If Fedotov and Yans were serious about decreasing the number of illicit opiate users they would dramatically expand access to methadone especially in countries with large populations of opiate users. Like Russia. The country has an estimated 3 million heroin users. Over 30,000 Russians die every year from their addiction, many from preventable overdose. But incredibly, methadone is illegal. Viktor Ivanov, the head of the Russian Federal Anti-Narcotic Agency, a former KGB officer, and a twenty-first century troglodyte, stated publicly during a meeting at the United Nations in New York in 2011 that there is no evidence that methadone works. It’s all a hoax. That Ivanov could utter such a bald-faced lie and not be seriously challenged is both astonishing and outrageous.
Fedotov and Yans have done nothing to confront Ivanov’s flouting of evidence-based drug policies. When Fedotov was asked why the UNODC hasn’t pushed the Russians to legalize methadone, all the Executive Director could say was drug policy was up to each member state.
The UNODC enforces prohibition and regularly chastises countries that implement harm reduction measures. When Portugal decriminalized all drugs in 1991, members of the INCB flew to Lisbon to confront the Portuguese. And both the UNODC and the INCB have publicly criticized Uruguay’s decision to legalize marijuana. Yans accused the president of Uruguay, José Mujica, of having “pirate attitudes” toward UN drug control conventions and that marijuana legalization “…poses a grave danger to public health and well-being.” Fedotov said, “Legalization won’t solve the drug problem.” But why won’t Fedotov and Yans confront the Russians who are clearly violating the most basic rights of drug users to take methadone, which they say they endorse?
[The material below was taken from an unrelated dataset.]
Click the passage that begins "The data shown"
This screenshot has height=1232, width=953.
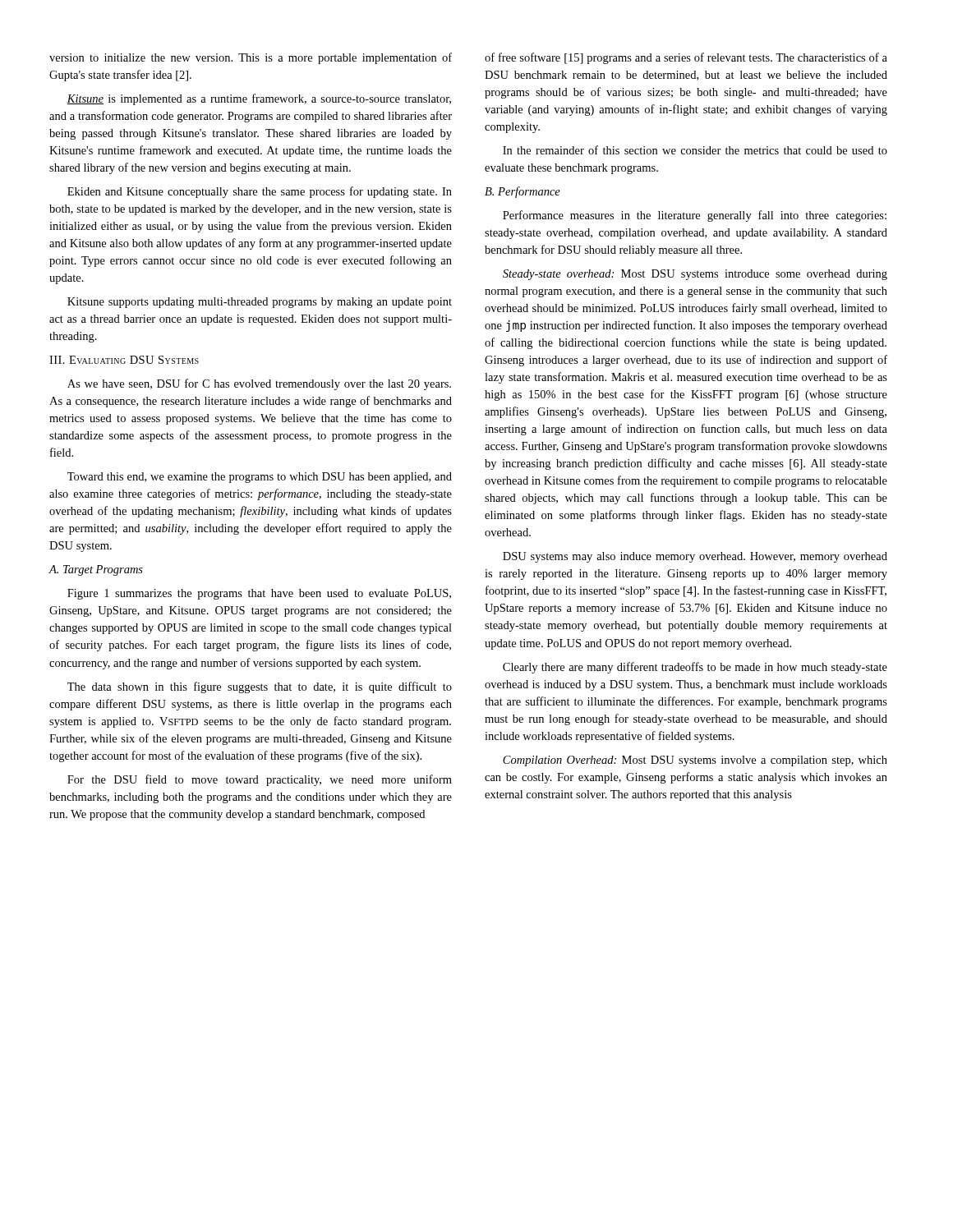point(251,721)

Curiously, neither dared to reprimand the United States. Last year, in clear violation of the conventions, the states of Colorado and Washington legalized marijuana for recreational use.
Fedotov, who is Russian and is in a position to alleviate the tremendous suffering of heroin users in Russia won’t even stand up for the human rights of his own people who are dying needlessly by the thousands.
So it should come as no surprise that the crisis of methadone users in the Crimea isn’t on the top of Fedotov or Yans’s agenda. The Crimean peninsula, previously an autonomous region of the Ukraine has been annexed by the Russian Federation. Viktor Ivanov immediately stated that one of his first priorities was to close all opiate substitution therapy programs. Once again, the UNODC is doing nothing to oppose Ivanov.
The global institutions of drug prohibition will not transform themselves. Change never comes from within entrenched bureaucracies, there’s too much lose. The career bureaucrats who staff the UNODC and the INCB are a gang of dangerous fossils who believe blindly and fervently that the Single Convention on Narcotic Drugs of 1961 is working just fine despite mountains of scientific evidence and piles of dead bodies that prove otherwise.
At the United Nations General Assembly Special Session (UNGASS) in 2016, those of us who are committed to ending the War on Drugs must unequivocally say to Fedotov and Yans, “You better fucking pay attention. We’re about to get you.” And when we get them, we should put them on trial for crimes against humanity.